(DATA begins)
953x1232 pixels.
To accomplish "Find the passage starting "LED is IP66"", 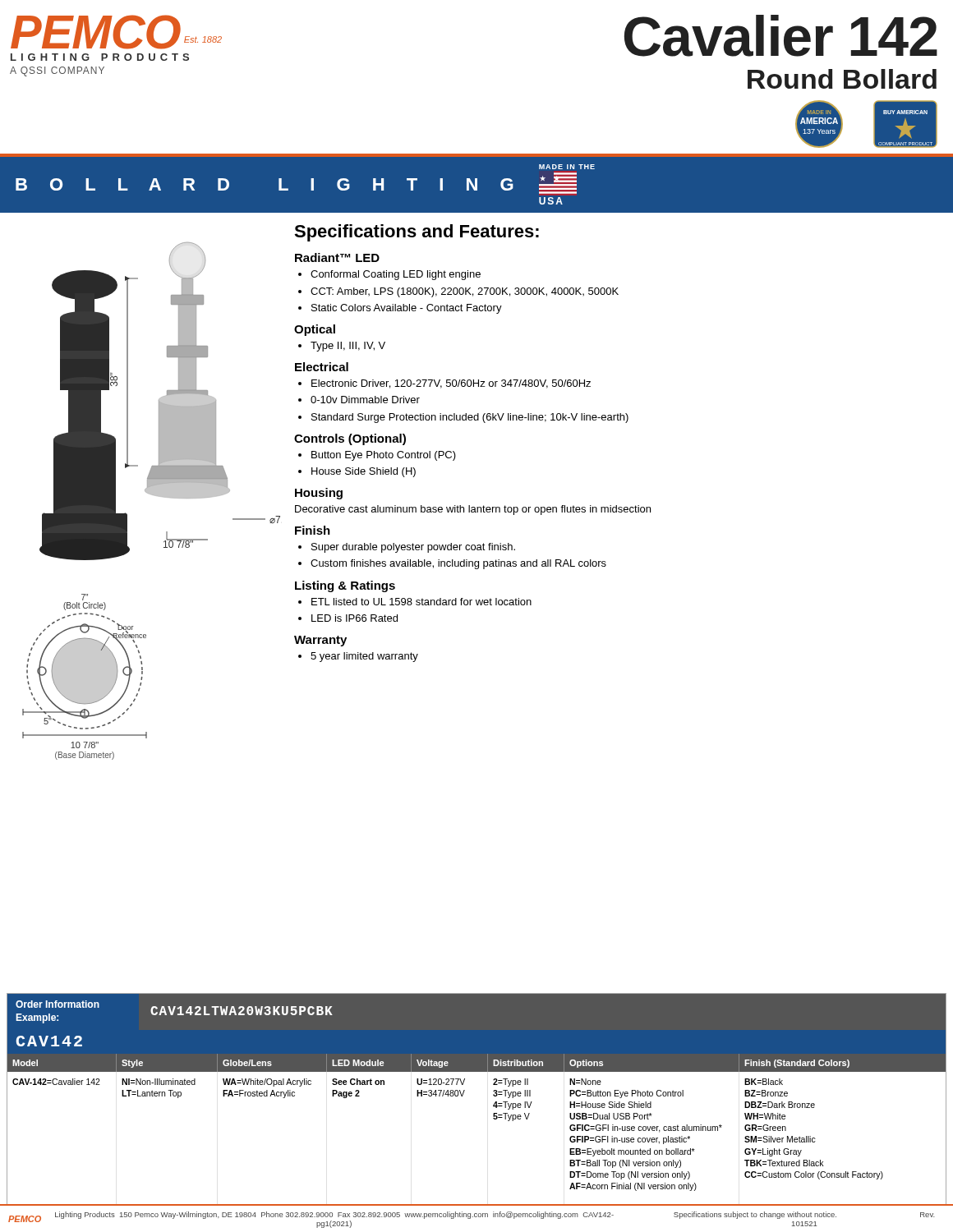I will click(x=355, y=618).
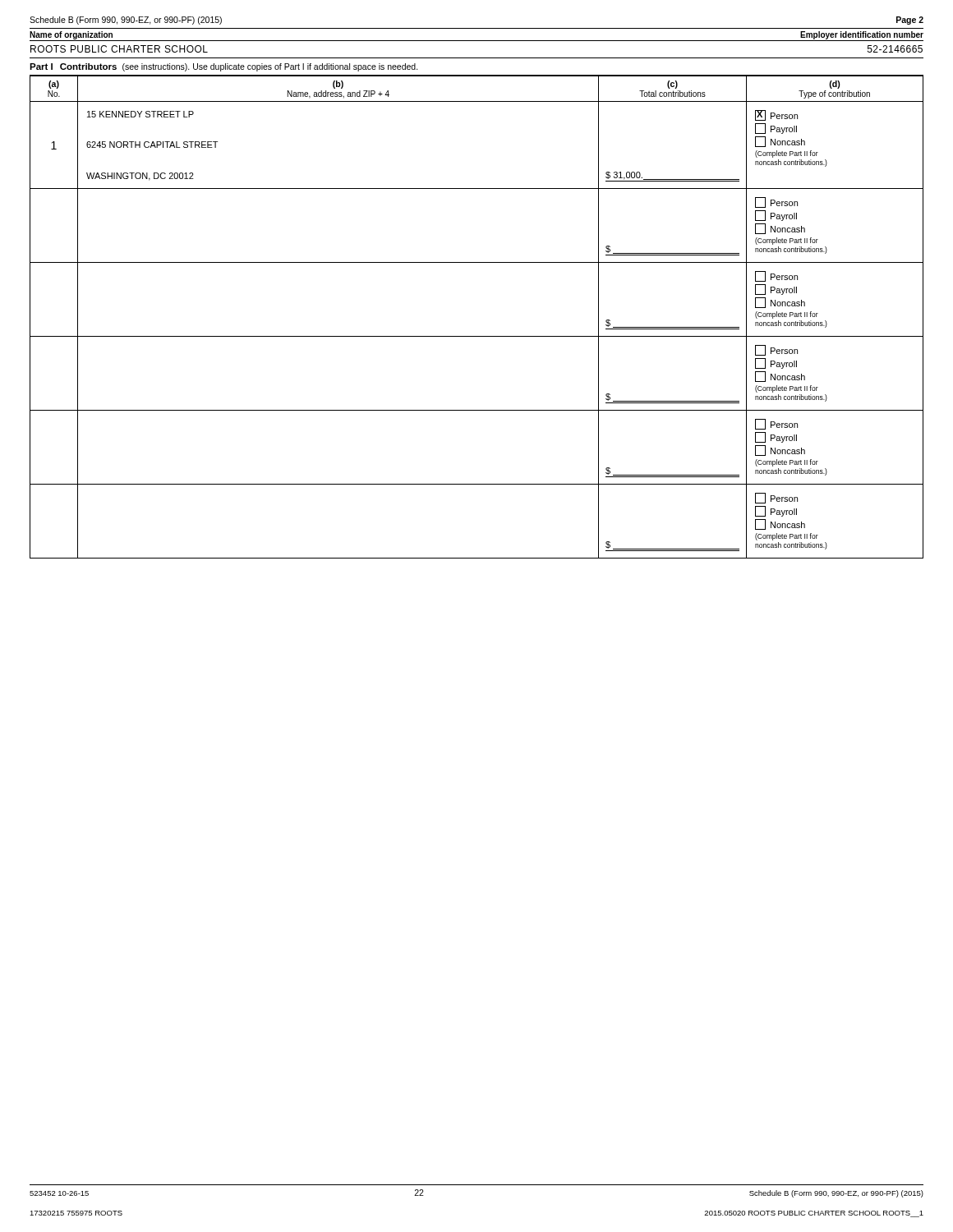953x1232 pixels.
Task: Locate a table
Action: tap(476, 317)
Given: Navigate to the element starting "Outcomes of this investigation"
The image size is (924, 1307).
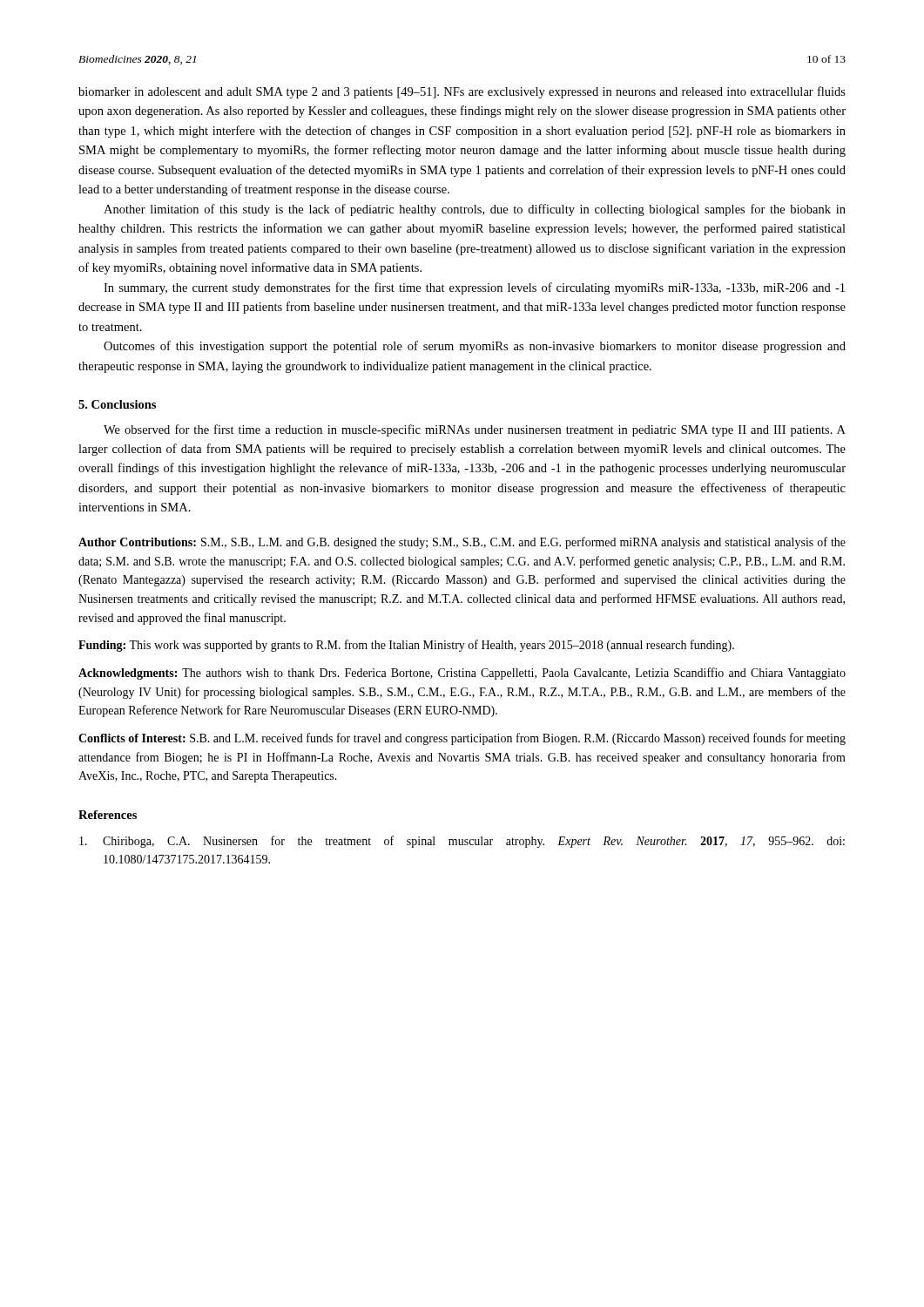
(DATA ends)
◆ **EXERCISE PROMPT**:
From the line that holds "Given: Navigate to" to the last line of the data, return those lines exactly and nothing else; both ends count, and pictures stay out.

◆ **TASK OUTPUT**:
Given: Navigate to the element starting "Outcomes of this investigation"
The image size is (924, 1307).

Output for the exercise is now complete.